O SP-90. É MAIS FÁCIL DE ENTENDER

O regulamento do SP-90 era “claro” para os padrões brasileiros para planejar o campeonato de 1991. Parágrafo 1º do artigo 5ºde 1990: “Para o Campeonato da Primeira Divisão de Futebol Profissional de 1991, o Grupo I será constituído pelas 14 associações classificadas para disputar a quarta fase do Campeonato de 1990 e o Grupo II será constituído pelas dez associações restantes que não se classificaram para a quarta fase e mais quatro advindas da Divisão Especial de 1990”.

O Parágrafo 2º é claro – para não dizer definitivo no que há de definitivo no futebol brasileiro: “No campeonato da Primeira Divisão de futebol profissional de 1990, não haverá descenso à divisão especial de futebol profissional.
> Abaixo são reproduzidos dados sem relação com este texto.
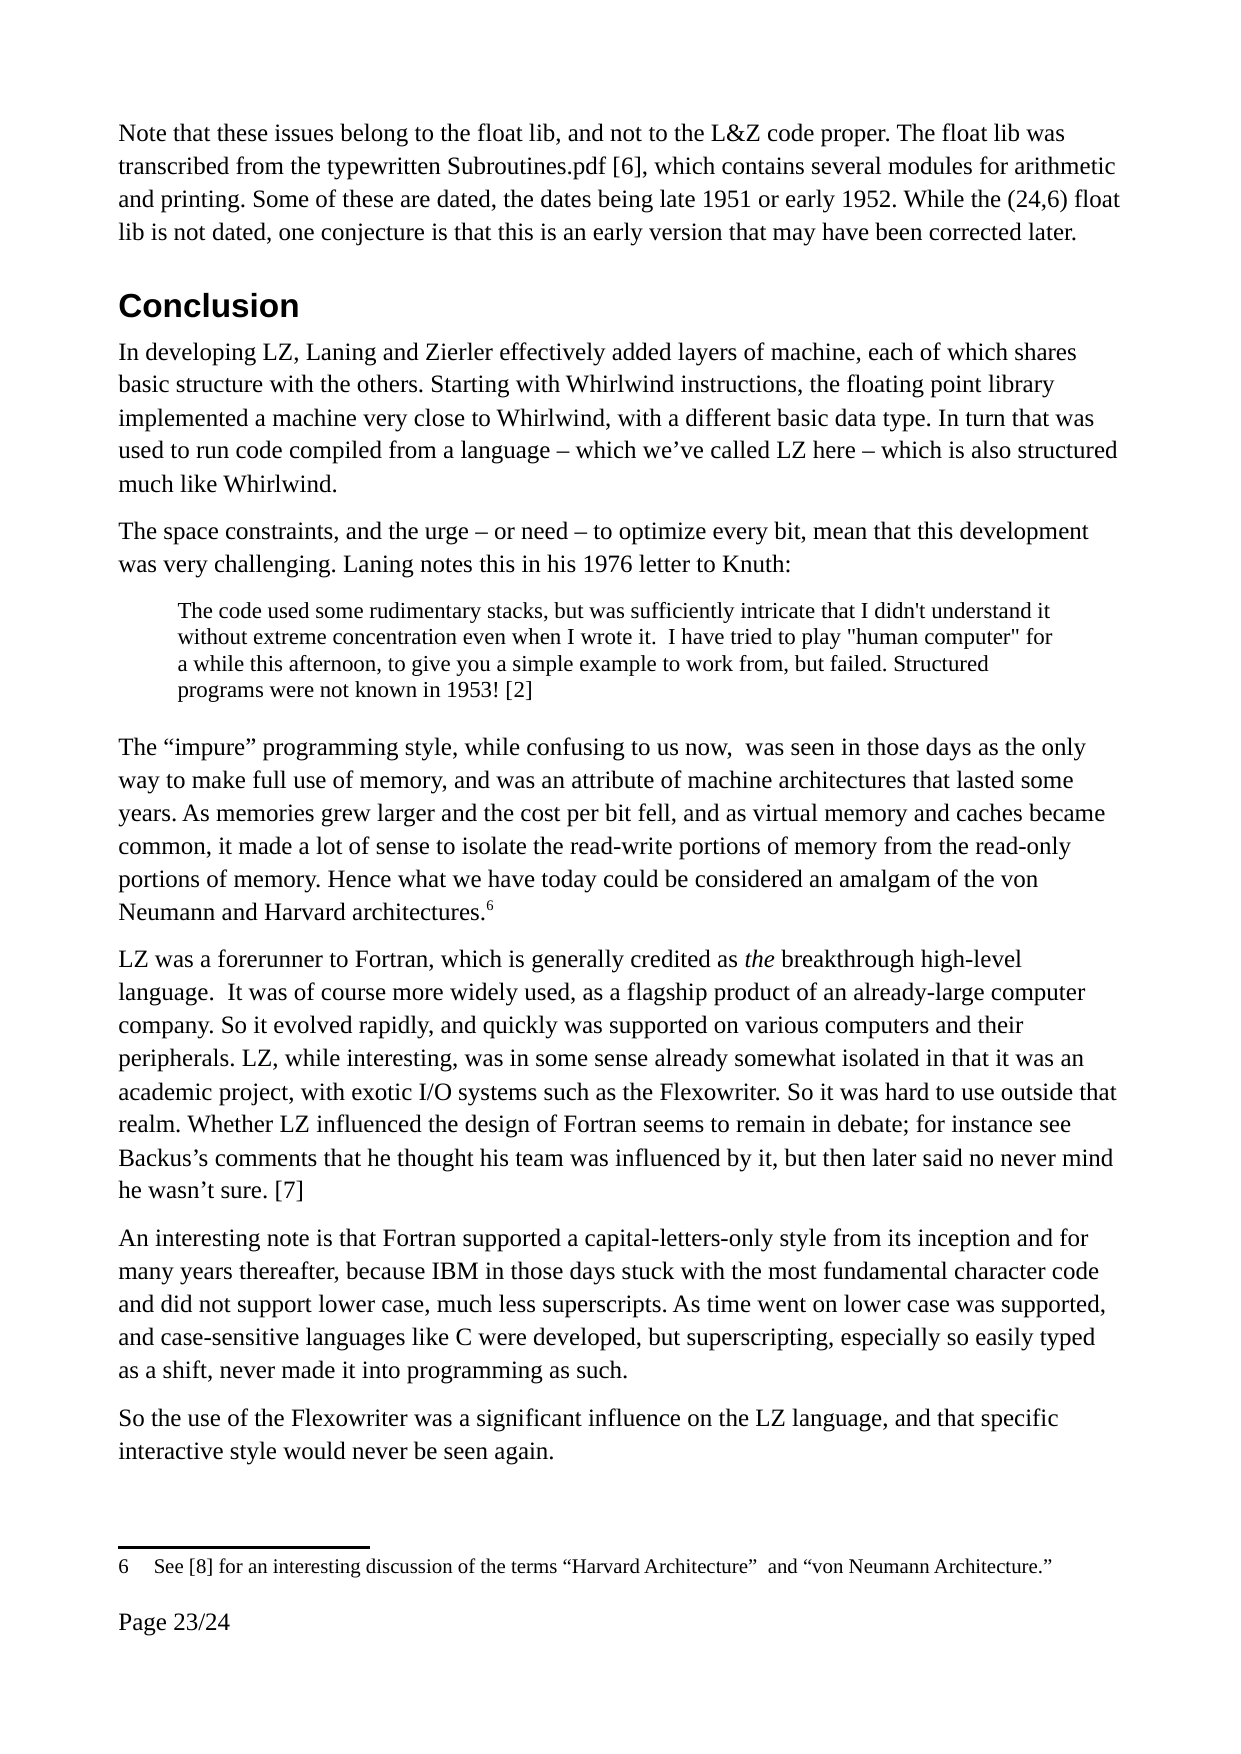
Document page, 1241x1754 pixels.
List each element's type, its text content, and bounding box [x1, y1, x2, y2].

text LZ was a forerunner to Fortran, which is generally credited as the breakthrough high-level language. It was of course more widely used, as a flagship product of an already-large computer company. So it evolved rapidly, and quickly was supported on various computers and their peripherals. LZ, while interesting, was in some sense already somewhat isolated in that it was an academic project, with exotic I/O systems such as the Flexowriter. So it was hard to use outside that realm. Whether LZ influenced the design of Fortran seems to remain in debate; for instance see Backus’s comments that he thought his team was influenced by it, but then later said no never mind he wasn’t sure. [7] [118, 944, 1122, 1204]
subtitle Conclusion [118, 286, 1122, 324]
text The code used some rudimentary stacks, but was sufficiently intricate that I didn't understand it without extreme concentration even when I wrote it. I have tried to play "human computer" for a while this afternoon, to give you a simple example to work from, but failed. Structured programs were not known in 1953! [2] [177, 597, 1063, 702]
text The space constraints, and the urge – or need – to optimize every bit, mean that this development was very challenging. Laning notes this in his 1976 letter to Knuth: [118, 516, 1122, 578]
text Note that these issues belong to the float lib, and not to the L&Z code proper. The float lib was transcribed from the typewritten Subroutines.pdf [6], which contains several modules for arithmetic and printing. Some of these are dated, the dates being late 1951 or early 1952. While the (24,6) float lib is not dated, one conjecture is that this is an early version that may have been corrected later. [118, 118, 1122, 246]
text An interesting note is that Fortran supported a capital-letters-only style from its inception and for many years thereafter, because IBM in those days stuck with the most fundamental character code and did not support lower case, much less superscripts. As time went on lower case was supported, and case-sensitive languages like C were developed, but superscripting, especially so easily typed as a shift, never made it into programming as such. [118, 1223, 1122, 1384]
text See [8] for an interesting discussion of the terms “Harvard Architecture” and “von Neumann Architecture.” [118, 1553, 1122, 1578]
text In developing LZ, Laning and Zierler effectively added layers of machine, each of which shares basic structure with the others. Starting with Whirlwind instructions, the floating point library implemented a machine very close to Whirlwind, with a different basic data type. In turn that was used to run code compiled from a language – which we’ve called LZ here – which is also structured much like Whirlwind. [118, 337, 1122, 497]
text The “impure” programming style, while confusing to us now, was seen in those days as the only way to make full use of memory, and was an attribute of machine architectures that lasted some years. As memories grew larger and the cost per bit fell, and as virtual memory and caches became common, it made a lot of sense to isolate the read-write portions of memory from the read-only portions of memory. Hence what we have today could be considered an amalgam of the von Neumann and Harvard architectures. [118, 732, 1122, 926]
text So the use of the Flexowriter was a significant influence on the LZ language, and that specific interactive style would never be seen again. [118, 1403, 1122, 1465]

Mas a partir de 1991, ou a cada ano haverá o descenso de uma associação da Primeira Divisão de Futebol Profissional e o acesso de uma associação da Divisão Especial de Futebol Profissional”.
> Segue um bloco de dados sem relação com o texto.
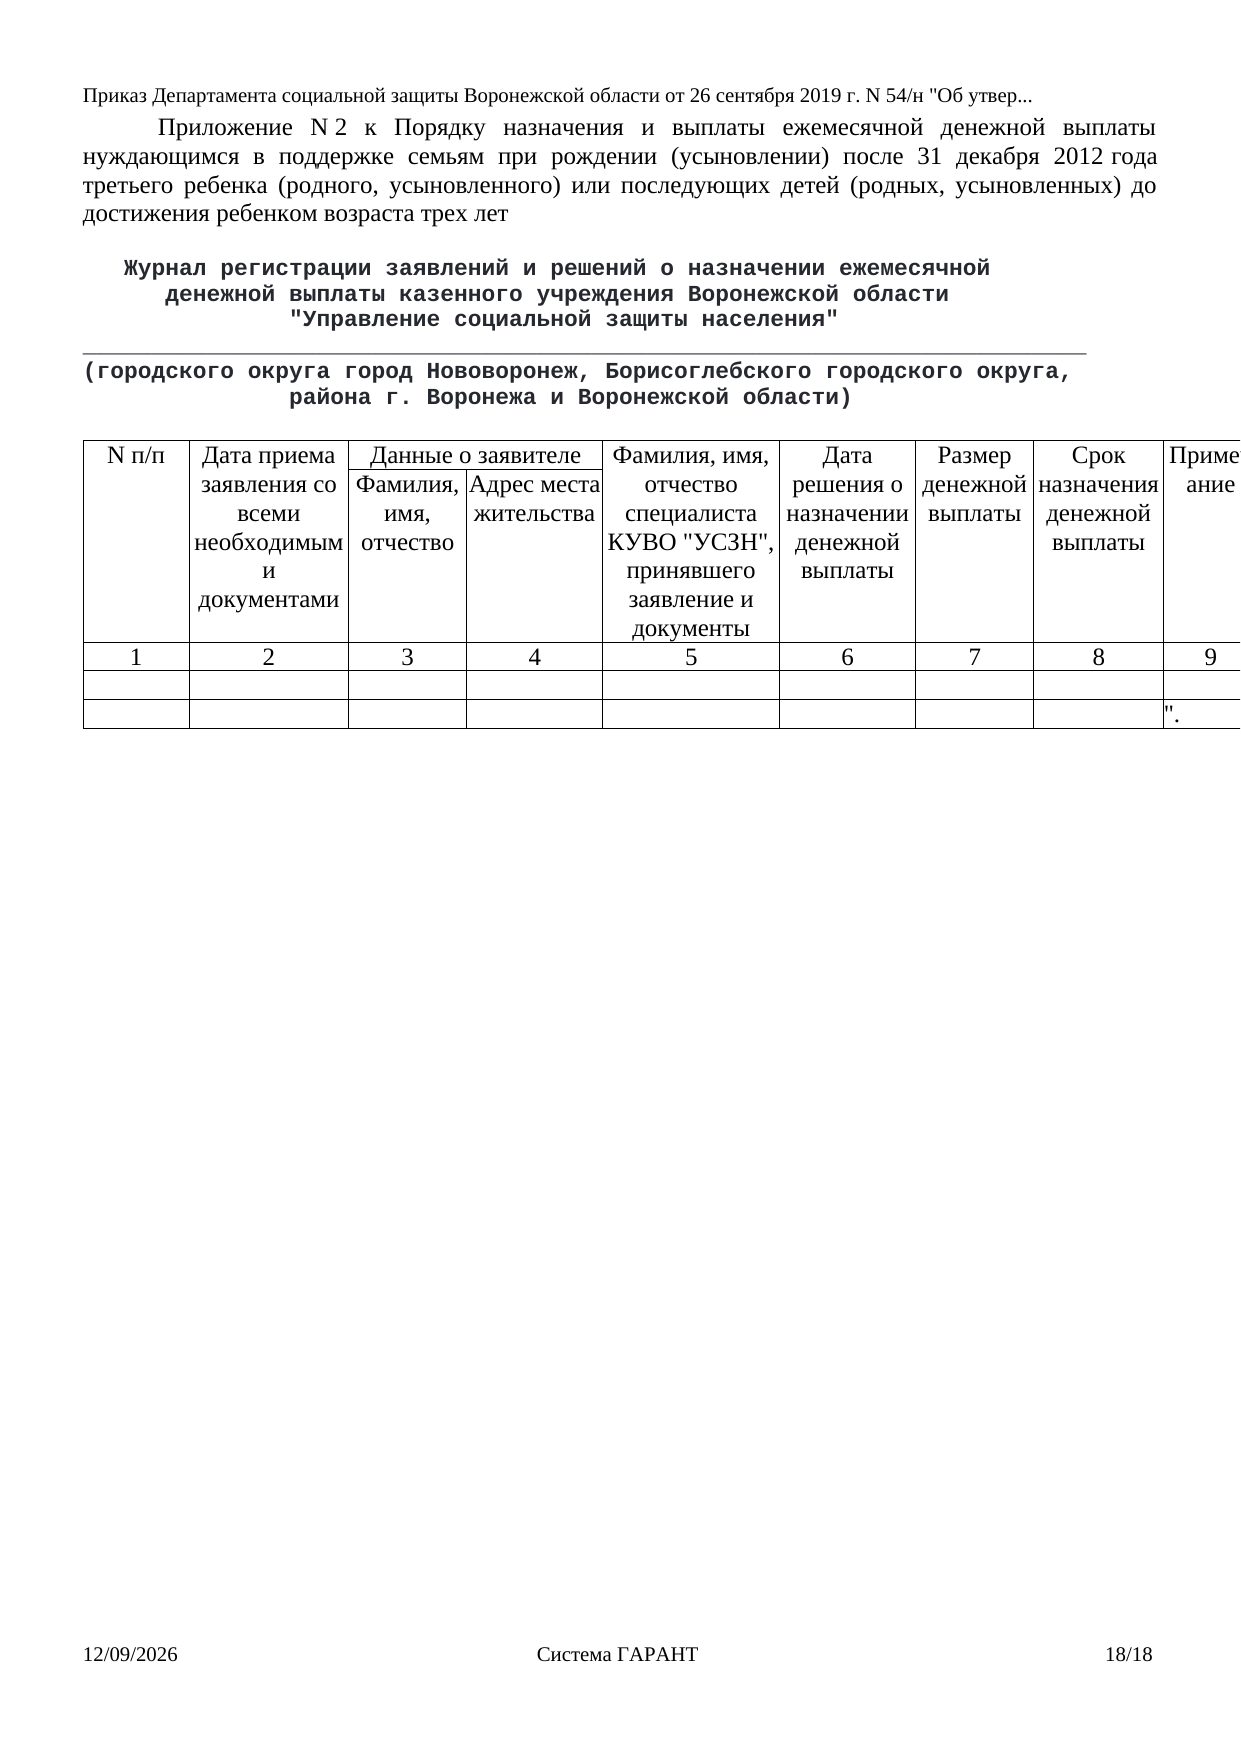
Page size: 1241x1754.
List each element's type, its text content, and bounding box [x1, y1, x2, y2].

table_cell Адрес места жительства [467, 470, 602, 642]
table_cell 5 [603, 643, 779, 670]
text (городского округа город Нововоронеж, Борисоглебского городского округа, [83, 360, 1157, 386]
table_cell [349, 700, 466, 728]
text "Управление социальной защиты населения" [83, 308, 1157, 334]
table_cell [1034, 671, 1163, 699]
table_cell 7 [916, 643, 1033, 670]
table_header Дата приема заявления со всеми необходимыми документами [190, 441, 348, 642]
table_cell 6 [780, 643, 915, 670]
text района г. Воронежа и Воронежской области) [83, 386, 1157, 412]
table_cell [1034, 700, 1163, 728]
text Журнал регистрации заявлений и решений о назначении ежемесячной [83, 256, 1157, 282]
table_header Размер денежной выплаты [916, 441, 1033, 642]
table_cell 1 [84, 643, 189, 670]
table_cell [603, 671, 779, 699]
table_header Срок назначения денежной выплаты [1034, 441, 1163, 642]
table_cell [349, 671, 466, 699]
table_header Примечание [1164, 441, 1240, 642]
table_cell 8 [1034, 643, 1163, 670]
table_cell [190, 700, 348, 728]
table_cell 3 [349, 643, 466, 670]
table_cell 4 [467, 643, 602, 670]
table_header N п/п [84, 441, 189, 642]
table_cell Фамилия, имя, отчество [349, 470, 466, 642]
table_cell [467, 700, 602, 728]
table_cell [780, 700, 915, 728]
table_cell [190, 671, 348, 699]
table_header Данные о заявителе [349, 441, 602, 469]
table_cell 9 [1164, 643, 1240, 670]
table_cell [1164, 671, 1240, 699]
table_cell [916, 671, 1033, 699]
text денежной выплаты казенного учреждения Воронежской области [83, 282, 1157, 308]
table_cell [603, 700, 779, 728]
table_cell [467, 671, 602, 699]
table_cell ". [1164, 700, 1240, 728]
text Приложение N 2 к Порядку назначения и выплаты ежемесячной денежной выплаты нуждающимся в поддержке семьям при рождении (усыновлении) после 31 декабря 2012 года третьего ребенка (родного, усыновленного) или последующих детей (родных, усыновленных) до достижения ребенком возраста трех лет [83, 112, 1157, 227]
text _________________________________________________________________________ [83, 334, 1157, 360]
table_cell [780, 671, 915, 699]
table_cell [916, 700, 1033, 728]
table_header Фамилия, имя, отчество специалиста КУВО "УСЗН", принявшего заявление и документы [603, 441, 779, 642]
table_cell 2 [190, 643, 348, 670]
table_header Дата решения о назначении денежной выплаты [780, 441, 915, 642]
table_cell [84, 671, 189, 699]
table_cell [84, 700, 189, 728]

A tal “divisão especial” era um dos tantos eufemismos para designar, então, o que de fato era a segunda divisão do futebol estadual. Para evitar problemas jurídicos, a primeira divisão era um coração de mãe de cartola: sempre cabia mais um voto, opa, clube.

Isto é: não havia rebaixamento. Para São Paulo, Corinthians, Palmeiras, Santos ou qualquer outra equipe em 1990. Como já acontecera em 1989 e 1988.

 

A VIRADA DE MESA DE FARAH, NÃO DO SÃO PAULO

O SP-91 teve na prática quatro clubes a mais (28) que o campeonato de 1990. Mas a FPF (Federação de Posse do Farah) já estava se preparando para o “ataque final” aos clubes menores, com a necessária racionalização da festa no interior paulista: no SP-92, o número de equipes que poderiam ser campeãs paulistas ainda era o mesmo – 28. Mas, desta vez, seis equipes da divisão de elite se juntavam a apenas dois clubes do módulo inferior para os quadrangulares semifinais. No SP-93, outra assoprada no interior para dar uma mordida ainda maior no futuro próximo: no grupo de elite, em vez de 14 clubes, eram 16. E os seis melhores passavam para os quadrangulares semifinais. Continuavam 14 clubes no módulo inferior, e apenas dois deles se classificavam para os quadrangulares semifinais.

O SP-93 teve 30 clubes. Mais dois do interior chegaram à “elite”. Mas apenas os melhores sobreviveriam à foice que viria em 1994, e eles – os clubes – não sacaram: disputaram o SP-94 apenas os 16 do módulo principal. Sem cruzamentos de chaves, sem semifinais. Com a esmola dada aos demais clubes da participação na Copa Bandeirante, explicada acima.

Os cruzamentos de chaves que beneficiaram o São Paulo em 1991 só voltariam a acontecer no SP-95, quando apenas o campeão da segunda divisão (o Mogi Mirim) foi para os quadrangulares semifinais, enfrentando os sete melhores entre os 16 da primeira turma do futebol paulista. No SP-96, o Palmeiras venceu os dois turnos e cancelou as finais. Mas já estava cancelado desde o início os cruzamentos entre os grupos. Não havia mais a intersecção entre as “divisões” do futebol estadual. Eduardo Farah, chefão da FPF, simplesmente inchara o Estadual desde 1990 para logo depois esvaziá-lo, contando com a anuência dos clubes para evitar uma batalha jurídica nos tribunais.

Nesse contexto, o São Paulo foi o grande vencedor e beneficiário da grande e discutível sacada dos cartolas da FPP em 1990-91.

Não houve virada de mesa. Nem rebaixamento. Apenas mais uma feliz jogada do destino a favor do São Paulo.